#### THE RECORDS
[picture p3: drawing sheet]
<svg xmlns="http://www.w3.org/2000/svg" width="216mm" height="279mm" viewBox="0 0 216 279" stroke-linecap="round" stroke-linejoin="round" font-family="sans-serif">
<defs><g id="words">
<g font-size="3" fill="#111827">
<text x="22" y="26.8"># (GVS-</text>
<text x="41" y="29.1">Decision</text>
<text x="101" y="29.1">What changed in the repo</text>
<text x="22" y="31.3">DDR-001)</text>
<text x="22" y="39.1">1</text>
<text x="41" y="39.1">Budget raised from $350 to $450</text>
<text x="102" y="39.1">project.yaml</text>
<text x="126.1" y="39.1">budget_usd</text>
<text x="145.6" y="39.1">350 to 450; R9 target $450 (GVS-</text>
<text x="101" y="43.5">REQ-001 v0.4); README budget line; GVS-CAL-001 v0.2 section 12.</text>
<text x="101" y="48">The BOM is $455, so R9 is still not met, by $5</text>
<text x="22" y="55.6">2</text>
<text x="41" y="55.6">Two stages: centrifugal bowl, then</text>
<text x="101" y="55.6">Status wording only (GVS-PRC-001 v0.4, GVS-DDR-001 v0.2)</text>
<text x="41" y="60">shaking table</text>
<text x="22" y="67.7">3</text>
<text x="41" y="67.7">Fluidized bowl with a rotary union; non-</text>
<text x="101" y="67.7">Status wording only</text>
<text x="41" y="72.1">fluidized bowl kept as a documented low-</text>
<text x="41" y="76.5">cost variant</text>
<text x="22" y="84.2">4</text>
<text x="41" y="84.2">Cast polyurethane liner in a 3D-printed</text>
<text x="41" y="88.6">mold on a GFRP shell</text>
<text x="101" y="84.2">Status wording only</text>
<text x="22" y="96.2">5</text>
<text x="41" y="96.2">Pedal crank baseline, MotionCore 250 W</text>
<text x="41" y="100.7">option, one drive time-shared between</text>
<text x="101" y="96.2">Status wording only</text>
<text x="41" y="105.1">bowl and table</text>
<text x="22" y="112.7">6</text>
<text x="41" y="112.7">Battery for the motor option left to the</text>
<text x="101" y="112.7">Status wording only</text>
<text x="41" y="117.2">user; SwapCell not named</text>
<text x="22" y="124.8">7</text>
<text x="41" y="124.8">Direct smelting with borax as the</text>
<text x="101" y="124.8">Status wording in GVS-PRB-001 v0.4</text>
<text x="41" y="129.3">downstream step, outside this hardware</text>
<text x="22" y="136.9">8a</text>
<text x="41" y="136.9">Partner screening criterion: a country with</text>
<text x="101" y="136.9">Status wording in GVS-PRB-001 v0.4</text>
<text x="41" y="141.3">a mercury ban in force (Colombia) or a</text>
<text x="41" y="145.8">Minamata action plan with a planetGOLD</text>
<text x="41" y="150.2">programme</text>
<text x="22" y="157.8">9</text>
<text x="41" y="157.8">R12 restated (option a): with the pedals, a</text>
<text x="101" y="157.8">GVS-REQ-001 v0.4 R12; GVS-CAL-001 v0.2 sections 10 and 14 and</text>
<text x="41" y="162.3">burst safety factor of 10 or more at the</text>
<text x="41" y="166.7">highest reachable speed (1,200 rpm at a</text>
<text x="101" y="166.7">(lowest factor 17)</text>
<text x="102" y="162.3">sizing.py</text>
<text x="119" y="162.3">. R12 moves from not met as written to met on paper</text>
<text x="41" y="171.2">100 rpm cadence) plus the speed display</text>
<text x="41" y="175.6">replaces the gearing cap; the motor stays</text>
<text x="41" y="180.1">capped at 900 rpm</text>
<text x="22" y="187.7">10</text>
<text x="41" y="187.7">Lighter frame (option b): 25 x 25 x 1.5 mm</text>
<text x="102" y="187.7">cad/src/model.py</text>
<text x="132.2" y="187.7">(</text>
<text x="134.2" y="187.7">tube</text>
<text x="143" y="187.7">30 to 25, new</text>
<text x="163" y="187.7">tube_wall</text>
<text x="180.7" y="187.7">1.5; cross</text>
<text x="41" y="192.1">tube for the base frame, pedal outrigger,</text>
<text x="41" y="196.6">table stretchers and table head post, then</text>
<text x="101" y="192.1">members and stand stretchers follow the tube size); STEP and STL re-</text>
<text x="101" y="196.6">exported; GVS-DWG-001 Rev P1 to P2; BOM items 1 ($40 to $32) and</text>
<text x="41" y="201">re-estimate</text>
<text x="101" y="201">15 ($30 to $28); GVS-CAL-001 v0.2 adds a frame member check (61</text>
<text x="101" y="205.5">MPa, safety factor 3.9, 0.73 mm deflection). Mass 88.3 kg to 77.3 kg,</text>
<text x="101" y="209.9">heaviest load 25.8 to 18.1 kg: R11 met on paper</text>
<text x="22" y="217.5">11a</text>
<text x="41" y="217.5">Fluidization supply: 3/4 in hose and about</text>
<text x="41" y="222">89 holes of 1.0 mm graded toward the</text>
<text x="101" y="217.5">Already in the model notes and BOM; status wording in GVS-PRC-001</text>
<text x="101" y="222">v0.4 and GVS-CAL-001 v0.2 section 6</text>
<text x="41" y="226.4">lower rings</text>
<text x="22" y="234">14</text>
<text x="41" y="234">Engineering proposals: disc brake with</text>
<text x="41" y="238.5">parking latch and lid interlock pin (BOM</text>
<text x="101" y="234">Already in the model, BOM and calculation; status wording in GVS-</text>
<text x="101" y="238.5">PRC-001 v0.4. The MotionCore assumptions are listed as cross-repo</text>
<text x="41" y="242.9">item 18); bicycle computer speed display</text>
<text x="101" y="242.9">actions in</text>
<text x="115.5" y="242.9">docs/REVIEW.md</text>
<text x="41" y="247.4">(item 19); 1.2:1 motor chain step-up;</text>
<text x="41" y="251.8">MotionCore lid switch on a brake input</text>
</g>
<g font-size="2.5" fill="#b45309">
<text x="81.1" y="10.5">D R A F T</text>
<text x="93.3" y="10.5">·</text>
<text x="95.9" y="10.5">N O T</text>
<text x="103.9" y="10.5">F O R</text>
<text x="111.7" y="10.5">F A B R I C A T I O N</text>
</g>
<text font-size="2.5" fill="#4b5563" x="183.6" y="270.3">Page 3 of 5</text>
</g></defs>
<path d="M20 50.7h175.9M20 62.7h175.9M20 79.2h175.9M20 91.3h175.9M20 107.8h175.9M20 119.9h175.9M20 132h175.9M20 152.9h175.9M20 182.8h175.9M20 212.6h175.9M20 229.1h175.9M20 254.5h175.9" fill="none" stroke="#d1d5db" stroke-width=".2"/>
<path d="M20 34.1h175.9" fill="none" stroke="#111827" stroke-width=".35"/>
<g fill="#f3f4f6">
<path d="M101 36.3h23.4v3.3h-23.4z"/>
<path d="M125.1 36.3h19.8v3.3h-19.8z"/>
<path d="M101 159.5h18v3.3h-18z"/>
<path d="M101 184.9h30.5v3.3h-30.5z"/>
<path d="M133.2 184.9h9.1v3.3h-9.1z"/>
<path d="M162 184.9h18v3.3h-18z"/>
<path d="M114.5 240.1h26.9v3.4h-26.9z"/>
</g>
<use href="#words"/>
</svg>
########
▶ [GOAL OF THE EXERCISE]: Output all of the data in full, exactly as given.

▶ [ANSWER TO THIS TASK]:
[picture p3: drawing sheet]
<svg xmlns="http://www.w3.org/2000/svg" width="216mm" height="279mm" viewBox="0 0 216 279" stroke-linecap="round" stroke-linejoin="round" font-family="sans-serif">
<defs><g id="words">
<g font-size="3" fill="#111827">
<text x="22" y="26.8"># (GVS-</text>
<text x="41" y="29.1">Decision</text>
<text x="101" y="29.1">What changed in the repo</text>
<text x="22" y="31.3">DDR-001)</text>
<text x="22" y="39.1">1</text>
<text x="41" y="39.1">Budget raised from $350 to $450</text>
<text x="102" y="39.1">project.yaml</text>
<text x="126.1" y="39.1">budget_usd</text>
<text x="145.6" y="39.1">350 to 450; R9 target $450 (GVS-</text>
<text x="101" y="43.5">REQ-001 v0.4); README budget line; GVS-CAL-001 v0.2 section 12.</text>
<text x="101" y="48">The BOM is $455, so R9 is still not met, by $5</text>
<text x="22" y="55.6">2</text>
<text x="41" y="55.6">Two stages: centrifugal bowl, then</text>
<text x="101" y="55.6">Status wording only (GVS-PRC-001 v0.4, GVS-DDR-001 v0.2)</text>
<text x="41" y="60">shaking table</text>
<text x="22" y="67.7">3</text>
<text x="41" y="67.7">Fluidized bowl with a rotary union; non-</text>
<text x="101" y="67.7">Status wording only</text>
<text x="41" y="72.1">fluidized bowl kept as a documented low-</text>
<text x="41" y="76.5">cost variant</text>
<text x="22" y="84.2">4</text>
<text x="41" y="84.2">Cast polyurethane liner in a 3D-printed</text>
<text x="41" y="88.6">mold on a GFRP shell</text>
<text x="101" y="84.2">Status wording only</text>
<text x="22" y="96.2">5</text>
<text x="41" y="96.2">Pedal crank baseline, MotionCore 250 W</text>
<text x="41" y="100.7">option, one drive time-shared between</text>
<text x="101" y="96.2">Status wording only</text>
<text x="41" y="105.1">bowl and table</text>
<text x="22" y="112.7">6</text>
<text x="41" y="112.7">Battery for the motor option left to the</text>
<text x="101" y="112.7">Status wording only</text>
<text x="41" y="117.2">user; SwapCell not named</text>
<text x="22" y="124.8">7</text>
<text x="41" y="124.8">Direct smelting with borax as the</text>
<text x="101" y="124.8">Status wording in GVS-PRB-001 v0.4</text>
<text x="41" y="129.3">downstream step, outside this hardware</text>
<text x="22" y="136.9">8a</text>
<text x="41" y="136.9">Partner screening criterion: a country with</text>
<text x="101" y="136.9">Status wording in GVS-PRB-001 v0.4</text>
<text x="41" y="141.3">a mercury ban in force (Colombia) or a</text>
<text x="41" y="145.8">Minamata action plan with a planetGOLD</text>
<text x="41" y="150.2">programme</text>
<text x="22" y="157.8">9</text>
<text x="41" y="157.8">R12 restated (option a): with the pedals, a</text>
<text x="101" y="157.8">GVS-REQ-001 v0.4 R12; GVS-CAL-001 v0.2 sections 10 and 14 and</text>
<text x="41" y="162.3">burst safety factor of 10 or more at the</text>
<text x="41" y="166.7">highest reachable speed (1,200 rpm at a</text>
<text x="101" y="166.7">(lowest factor 17)</text>
<text x="102" y="162.3">sizing.py</text>
<text x="119" y="162.3">. R12 moves from not met as written to met on paper</text>
<text x="41" y="171.2">100 rpm cadence) plus the speed display</text>
<text x="41" y="175.6">replaces the gearing cap; the motor stays</text>
<text x="41" y="180.1">capped at 900 rpm</text>
<text x="22" y="187.7">10</text>
<text x="41" y="187.7">Lighter frame (option b): 25 x 25 x 1.5 mm</text>
<text x="102" y="187.7">cad/src/model.py</text>
<text x="132.2" y="187.7">(</text>
<text x="134.2" y="187.7">tube</text>
<text x="143" y="187.7">30 to 25, new</text>
<text x="163" y="187.7">tube_wall</text>
<text x="180.7" y="187.7">1.5; cross</text>
<text x="41" y="192.1">tube for the base frame, pedal outrigger,</text>
<text x="41" y="196.6">table stretchers and table head post, then</text>
<text x="101" y="192.1">members and stand stretchers follow the tube size); STEP and STL re-</text>
<text x="101" y="196.6">exported; GVS-DWG-001 Rev P1 to P2; BOM items 1 ($40 to $32) and</text>
<text x="41" y="201">re-estimate</text>
<text x="101" y="201">15 ($30 to $28); GVS-CAL-001 v0.2 adds a frame member check (61</text>
<text x="101" y="205.5">MPa, safety factor 3.9, 0.73 mm deflection). Mass 88.3 kg to 77.3 kg,</text>
<text x="101" y="209.9">heaviest load 25.8 to 18.1 kg: R11 met on paper</text>
<text x="22" y="217.5">11a</text>
<text x="41" y="217.5">Fluidization supply: 3/4 in hose and about</text>
<text x="41" y="222">89 holes of 1.0 mm graded toward the</text>
<text x="101" y="217.5">Already in the model notes and BOM; status wording in GVS-PRC-001</text>
<text x="101" y="222">v0.4 and GVS-CAL-001 v0.2 section 6</text>
<text x="41" y="226.4">lower rings</text>
<text x="22" y="234">14</text>
<text x="41" y="234">Engineering proposals: disc brake with</text>
<text x="41" y="238.5">parking latch and lid interlock pin (BOM</text>
<text x="101" y="234">Already in the model, BOM and calculation; status wording in GVS-</text>
<text x="101" y="238.5">PRC-001 v0.4. The MotionCore assumptions are listed as cross-repo</text>
<text x="41" y="242.9">item 18); bicycle computer speed display</text>
<text x="101" y="242.9">actions in</text>
<text x="115.5" y="242.9">docs/REVIEW.md</text>
<text x="41" y="247.4">(item 19); 1.2:1 motor chain step-up;</text>
<text x="41" y="251.8">MotionCore lid switch on a brake input</text>
</g>
<g font-size="2.5" fill="#b45309">
<text x="81.1" y="10.5">D R A F T</text>
<text x="93.3" y="10.5">·</text>
<text x="95.9" y="10.5">N O T</text>
<text x="103.9" y="10.5">F O R</text>
<text x="111.7" y="10.5">F A B R I C A T I O N</text>
</g>
<text font-size="2.5" fill="#4b5563" x="183.6" y="270.3">Page 3 of 5</text>
</g></defs>
<path d="M20 50.7h175.9M20 62.7h175.9M20 79.2h175.9M20 91.3h175.9M20 107.8h175.9M20 119.9h175.9M20 132h175.9M20 152.9h175.9M20 182.8h175.9M20 212.6h175.9M20 229.1h175.9M20 254.5h175.9" fill="none" stroke="#d1d5db" stroke-width=".2"/>
<path d="M20 34.1h175.9" fill="none" stroke="#111827" stroke-width=".35"/>
<g fill="#f3f4f6">
<path d="M101 36.3h23.4v3.3h-23.4z"/>
<path d="M125.1 36.3h19.8v3.3h-19.8z"/>
<path d="M101 159.5h18v3.3h-18z"/>
<path d="M101 184.9h30.5v3.3h-30.5z"/>
<path d="M133.2 184.9h9.1v3.3h-9.1z"/>
<path d="M162 184.9h18v3.3h-18z"/>
<path d="M114.5 240.1h26.9v3.4h-26.9z"/>
</g>
<use href="#words"/>
</svg>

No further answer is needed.